Task objective
Work out how many lines in the data below contain "values", and state that count with nothing added.

Dataset
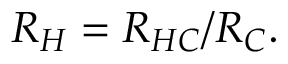Convert formula to latex. <formula><loc_0><loc_0><loc_500><loc_500>R _ { H } = R _ { H C } / R _ { C } .</formula> 
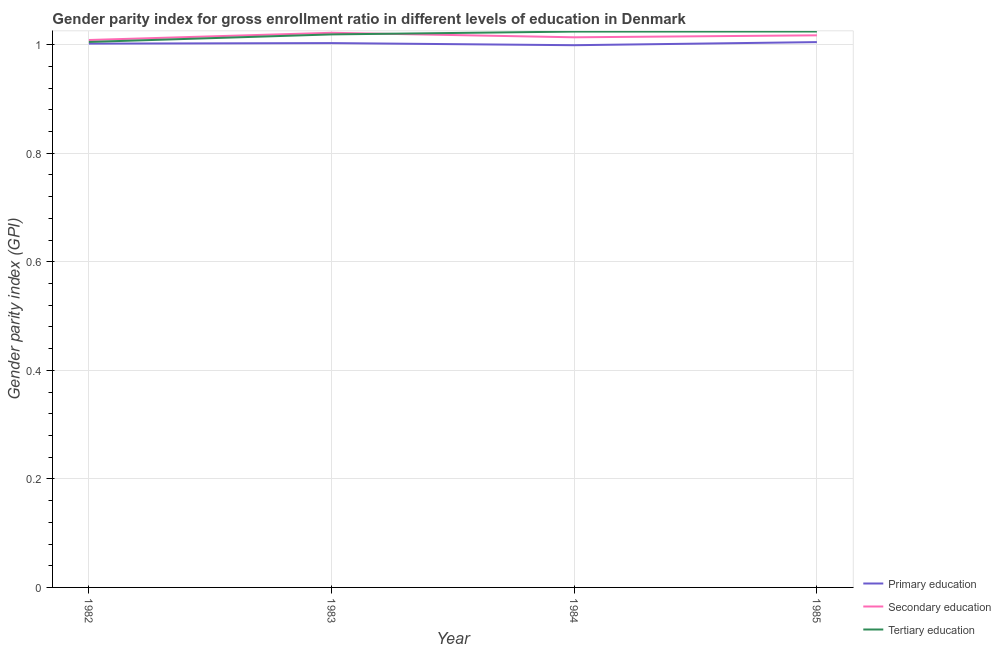Does the line corresponding to gender parity index in primary education intersect with the line corresponding to gender parity index in secondary education?
Your response must be concise. No. Is the number of lines equal to the number of legend labels?
Keep it short and to the point. Yes. What is the gender parity index in primary education in 1984?
Your answer should be very brief. 1. Across all years, what is the maximum gender parity index in secondary education?
Your answer should be very brief. 1.02. Across all years, what is the minimum gender parity index in primary education?
Your answer should be compact. 1. What is the total gender parity index in secondary education in the graph?
Your response must be concise. 4.06. What is the difference between the gender parity index in primary education in 1983 and that in 1985?
Ensure brevity in your answer.  -0. What is the difference between the gender parity index in primary education in 1984 and the gender parity index in secondary education in 1985?
Your answer should be compact. -0.02. What is the average gender parity index in tertiary education per year?
Give a very brief answer. 1.02. In the year 1982, what is the difference between the gender parity index in tertiary education and gender parity index in secondary education?
Your answer should be compact. -0. In how many years, is the gender parity index in primary education greater than 0.48000000000000004?
Provide a short and direct response. 4. What is the ratio of the gender parity index in tertiary education in 1982 to that in 1985?
Your answer should be compact. 0.98. Is the difference between the gender parity index in secondary education in 1983 and 1984 greater than the difference between the gender parity index in primary education in 1983 and 1984?
Offer a very short reply. Yes. What is the difference between the highest and the second highest gender parity index in primary education?
Ensure brevity in your answer.  0. What is the difference between the highest and the lowest gender parity index in secondary education?
Your answer should be very brief. 0.01. Does the gender parity index in primary education monotonically increase over the years?
Give a very brief answer. No. How many lines are there?
Provide a succinct answer. 3. How many years are there in the graph?
Keep it short and to the point. 4. Are the values on the major ticks of Y-axis written in scientific E-notation?
Your answer should be compact. No. Does the graph contain any zero values?
Provide a succinct answer. No. Does the graph contain grids?
Keep it short and to the point. Yes. How many legend labels are there?
Your response must be concise. 3. How are the legend labels stacked?
Offer a terse response. Vertical. What is the title of the graph?
Offer a terse response. Gender parity index for gross enrollment ratio in different levels of education in Denmark. Does "Injury" appear as one of the legend labels in the graph?
Provide a succinct answer. No. What is the label or title of the Y-axis?
Provide a succinct answer. Gender parity index (GPI). What is the Gender parity index (GPI) in Primary education in 1982?
Keep it short and to the point. 1. What is the Gender parity index (GPI) of Secondary education in 1982?
Give a very brief answer. 1.01. What is the Gender parity index (GPI) of Tertiary education in 1982?
Provide a succinct answer. 1. What is the Gender parity index (GPI) in Primary education in 1983?
Provide a succinct answer. 1. What is the Gender parity index (GPI) of Secondary education in 1983?
Provide a succinct answer. 1.02. What is the Gender parity index (GPI) of Tertiary education in 1983?
Give a very brief answer. 1.02. What is the Gender parity index (GPI) of Primary education in 1984?
Your response must be concise. 1. What is the Gender parity index (GPI) in Secondary education in 1984?
Offer a terse response. 1.01. What is the Gender parity index (GPI) of Primary education in 1985?
Your answer should be compact. 1. What is the Gender parity index (GPI) in Secondary education in 1985?
Your answer should be very brief. 1.02. What is the Gender parity index (GPI) of Tertiary education in 1985?
Offer a terse response. 1.02. Across all years, what is the maximum Gender parity index (GPI) in Primary education?
Provide a succinct answer. 1. Across all years, what is the maximum Gender parity index (GPI) of Secondary education?
Keep it short and to the point. 1.02. Across all years, what is the maximum Gender parity index (GPI) in Tertiary education?
Provide a succinct answer. 1.02. Across all years, what is the minimum Gender parity index (GPI) of Primary education?
Make the answer very short. 1. Across all years, what is the minimum Gender parity index (GPI) of Secondary education?
Make the answer very short. 1.01. Across all years, what is the minimum Gender parity index (GPI) of Tertiary education?
Your response must be concise. 1. What is the total Gender parity index (GPI) in Primary education in the graph?
Give a very brief answer. 4.01. What is the total Gender parity index (GPI) in Secondary education in the graph?
Provide a short and direct response. 4.06. What is the total Gender parity index (GPI) in Tertiary education in the graph?
Make the answer very short. 4.07. What is the difference between the Gender parity index (GPI) in Primary education in 1982 and that in 1983?
Offer a terse response. -0. What is the difference between the Gender parity index (GPI) of Secondary education in 1982 and that in 1983?
Your answer should be compact. -0.01. What is the difference between the Gender parity index (GPI) of Tertiary education in 1982 and that in 1983?
Provide a short and direct response. -0.01. What is the difference between the Gender parity index (GPI) in Primary education in 1982 and that in 1984?
Give a very brief answer. 0. What is the difference between the Gender parity index (GPI) of Secondary education in 1982 and that in 1984?
Offer a very short reply. -0.01. What is the difference between the Gender parity index (GPI) in Tertiary education in 1982 and that in 1984?
Ensure brevity in your answer.  -0.02. What is the difference between the Gender parity index (GPI) in Primary education in 1982 and that in 1985?
Your answer should be very brief. -0. What is the difference between the Gender parity index (GPI) of Secondary education in 1982 and that in 1985?
Offer a very short reply. -0.01. What is the difference between the Gender parity index (GPI) of Tertiary education in 1982 and that in 1985?
Offer a terse response. -0.02. What is the difference between the Gender parity index (GPI) of Primary education in 1983 and that in 1984?
Give a very brief answer. 0. What is the difference between the Gender parity index (GPI) in Secondary education in 1983 and that in 1984?
Your answer should be very brief. 0.01. What is the difference between the Gender parity index (GPI) of Tertiary education in 1983 and that in 1984?
Make the answer very short. -0.01. What is the difference between the Gender parity index (GPI) in Primary education in 1983 and that in 1985?
Offer a terse response. -0. What is the difference between the Gender parity index (GPI) of Secondary education in 1983 and that in 1985?
Your response must be concise. 0. What is the difference between the Gender parity index (GPI) in Tertiary education in 1983 and that in 1985?
Your answer should be compact. -0.01. What is the difference between the Gender parity index (GPI) in Primary education in 1984 and that in 1985?
Offer a very short reply. -0.01. What is the difference between the Gender parity index (GPI) in Secondary education in 1984 and that in 1985?
Offer a very short reply. -0. What is the difference between the Gender parity index (GPI) in Tertiary education in 1984 and that in 1985?
Your answer should be compact. -0. What is the difference between the Gender parity index (GPI) in Primary education in 1982 and the Gender parity index (GPI) in Secondary education in 1983?
Offer a terse response. -0.02. What is the difference between the Gender parity index (GPI) in Primary education in 1982 and the Gender parity index (GPI) in Tertiary education in 1983?
Make the answer very short. -0.02. What is the difference between the Gender parity index (GPI) in Secondary education in 1982 and the Gender parity index (GPI) in Tertiary education in 1983?
Offer a terse response. -0.01. What is the difference between the Gender parity index (GPI) in Primary education in 1982 and the Gender parity index (GPI) in Secondary education in 1984?
Offer a very short reply. -0.01. What is the difference between the Gender parity index (GPI) in Primary education in 1982 and the Gender parity index (GPI) in Tertiary education in 1984?
Make the answer very short. -0.02. What is the difference between the Gender parity index (GPI) in Secondary education in 1982 and the Gender parity index (GPI) in Tertiary education in 1984?
Provide a short and direct response. -0.02. What is the difference between the Gender parity index (GPI) of Primary education in 1982 and the Gender parity index (GPI) of Secondary education in 1985?
Give a very brief answer. -0.02. What is the difference between the Gender parity index (GPI) in Primary education in 1982 and the Gender parity index (GPI) in Tertiary education in 1985?
Give a very brief answer. -0.02. What is the difference between the Gender parity index (GPI) in Secondary education in 1982 and the Gender parity index (GPI) in Tertiary education in 1985?
Offer a terse response. -0.02. What is the difference between the Gender parity index (GPI) in Primary education in 1983 and the Gender parity index (GPI) in Secondary education in 1984?
Give a very brief answer. -0.01. What is the difference between the Gender parity index (GPI) in Primary education in 1983 and the Gender parity index (GPI) in Tertiary education in 1984?
Make the answer very short. -0.02. What is the difference between the Gender parity index (GPI) of Secondary education in 1983 and the Gender parity index (GPI) of Tertiary education in 1984?
Make the answer very short. -0. What is the difference between the Gender parity index (GPI) in Primary education in 1983 and the Gender parity index (GPI) in Secondary education in 1985?
Offer a very short reply. -0.01. What is the difference between the Gender parity index (GPI) in Primary education in 1983 and the Gender parity index (GPI) in Tertiary education in 1985?
Provide a short and direct response. -0.02. What is the difference between the Gender parity index (GPI) of Secondary education in 1983 and the Gender parity index (GPI) of Tertiary education in 1985?
Your answer should be very brief. -0. What is the difference between the Gender parity index (GPI) in Primary education in 1984 and the Gender parity index (GPI) in Secondary education in 1985?
Provide a succinct answer. -0.02. What is the difference between the Gender parity index (GPI) in Primary education in 1984 and the Gender parity index (GPI) in Tertiary education in 1985?
Provide a succinct answer. -0.03. What is the difference between the Gender parity index (GPI) of Secondary education in 1984 and the Gender parity index (GPI) of Tertiary education in 1985?
Provide a short and direct response. -0.01. What is the average Gender parity index (GPI) in Primary education per year?
Make the answer very short. 1. What is the average Gender parity index (GPI) of Secondary education per year?
Keep it short and to the point. 1.02. What is the average Gender parity index (GPI) of Tertiary education per year?
Ensure brevity in your answer.  1.02. In the year 1982, what is the difference between the Gender parity index (GPI) of Primary education and Gender parity index (GPI) of Secondary education?
Your answer should be very brief. -0.01. In the year 1982, what is the difference between the Gender parity index (GPI) of Primary education and Gender parity index (GPI) of Tertiary education?
Offer a terse response. -0. In the year 1982, what is the difference between the Gender parity index (GPI) in Secondary education and Gender parity index (GPI) in Tertiary education?
Offer a terse response. 0. In the year 1983, what is the difference between the Gender parity index (GPI) of Primary education and Gender parity index (GPI) of Secondary education?
Make the answer very short. -0.02. In the year 1983, what is the difference between the Gender parity index (GPI) in Primary education and Gender parity index (GPI) in Tertiary education?
Give a very brief answer. -0.02. In the year 1983, what is the difference between the Gender parity index (GPI) of Secondary education and Gender parity index (GPI) of Tertiary education?
Make the answer very short. 0. In the year 1984, what is the difference between the Gender parity index (GPI) of Primary education and Gender parity index (GPI) of Secondary education?
Your answer should be very brief. -0.01. In the year 1984, what is the difference between the Gender parity index (GPI) in Primary education and Gender parity index (GPI) in Tertiary education?
Give a very brief answer. -0.03. In the year 1984, what is the difference between the Gender parity index (GPI) in Secondary education and Gender parity index (GPI) in Tertiary education?
Your answer should be compact. -0.01. In the year 1985, what is the difference between the Gender parity index (GPI) in Primary education and Gender parity index (GPI) in Secondary education?
Your answer should be very brief. -0.01. In the year 1985, what is the difference between the Gender parity index (GPI) in Primary education and Gender parity index (GPI) in Tertiary education?
Your response must be concise. -0.02. In the year 1985, what is the difference between the Gender parity index (GPI) of Secondary education and Gender parity index (GPI) of Tertiary education?
Keep it short and to the point. -0.01. What is the ratio of the Gender parity index (GPI) in Primary education in 1982 to that in 1983?
Provide a succinct answer. 1. What is the ratio of the Gender parity index (GPI) in Secondary education in 1982 to that in 1983?
Keep it short and to the point. 0.99. What is the ratio of the Gender parity index (GPI) in Tertiary education in 1982 to that in 1983?
Ensure brevity in your answer.  0.99. What is the ratio of the Gender parity index (GPI) in Tertiary education in 1982 to that in 1984?
Offer a terse response. 0.98. What is the ratio of the Gender parity index (GPI) of Primary education in 1982 to that in 1985?
Your answer should be compact. 1. What is the ratio of the Gender parity index (GPI) of Secondary education in 1982 to that in 1985?
Provide a short and direct response. 0.99. What is the ratio of the Gender parity index (GPI) of Tertiary education in 1982 to that in 1985?
Your response must be concise. 0.98. What is the ratio of the Gender parity index (GPI) in Secondary education in 1983 to that in 1984?
Offer a very short reply. 1.01. What is the ratio of the Gender parity index (GPI) of Tertiary education in 1983 to that in 1984?
Keep it short and to the point. 0.99. What is the ratio of the Gender parity index (GPI) in Secondary education in 1983 to that in 1985?
Your response must be concise. 1. What is the difference between the highest and the second highest Gender parity index (GPI) of Primary education?
Offer a terse response. 0. What is the difference between the highest and the second highest Gender parity index (GPI) in Secondary education?
Offer a terse response. 0. What is the difference between the highest and the lowest Gender parity index (GPI) of Primary education?
Offer a very short reply. 0.01. What is the difference between the highest and the lowest Gender parity index (GPI) in Secondary education?
Your response must be concise. 0.01. What is the difference between the highest and the lowest Gender parity index (GPI) in Tertiary education?
Provide a succinct answer. 0.02.

Answer box
2